Hurricane Florence is causing a State of Emergency to be called in some U.S. States. Two new tropical storms have emerged in the eastern Atlantic Ocean and one could threaten some of the Caribbean Islands this week. Climate change is becoming a reality around the world.
Hurricane Florence has strengthened back into a hurricane and is forecast to rapidly intensify. It could pose a serious danger for the U.S. East Coast, where a direct strike is increasingly likely by mid- to late-week.
At a press conference on Sunday afternoon, South Carolina Governor Henry McMaster said Florence is expected to become a Category 4 hurricane with winds that could reach up to speeds of 150 mph.
“Assume, presume that a major hurricane is going to hit right smack dab in the middle of South Carolina,” said McMaster, urging South Carolinians to prepare for the worst. Eight hundred members of the National Guard have been activated in the state.
Hurricane Florence has winds moving at 75 mph, and is 750 miles southeast of Bermuda, moving west at 6 mph.
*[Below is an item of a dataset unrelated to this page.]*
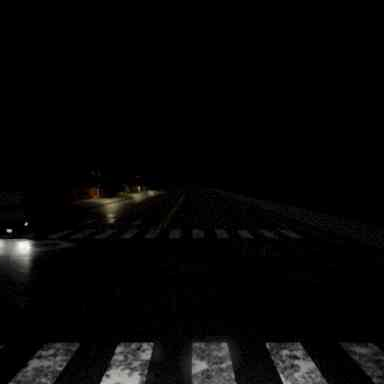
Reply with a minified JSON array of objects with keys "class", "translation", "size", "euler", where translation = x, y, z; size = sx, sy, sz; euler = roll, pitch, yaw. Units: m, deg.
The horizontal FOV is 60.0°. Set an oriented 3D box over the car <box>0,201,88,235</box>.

Tropical Storm Isaac and Tropical Storm Helene have joined Florence in the Atlantic Basin.
Helene, which is located off the west coast of Africa, has brought tropical-storm-force conditions to the Cabo Verde Islands over the weekend. Farther west, Isaac will track toward the Lesser Antilles this week.
“There is a growing consensus that this system could threaten the Lesser Antilles during the middle or latter part of the week,” AccuWeather Hurricane Expert Dan Kottlowski said.
Environmental conditions across the Atlantic will be favorable for strengthening as it tracks toward the islands.
“There is a significant chance this storm may become a hurricane along the way,” AccuWeather Senior Meteorologist Alex Sosnowski added.
Regardless of strength, seas will become rough and dangerous for bathers and boaters along the east-facing portions of the islands as early as Wednesday.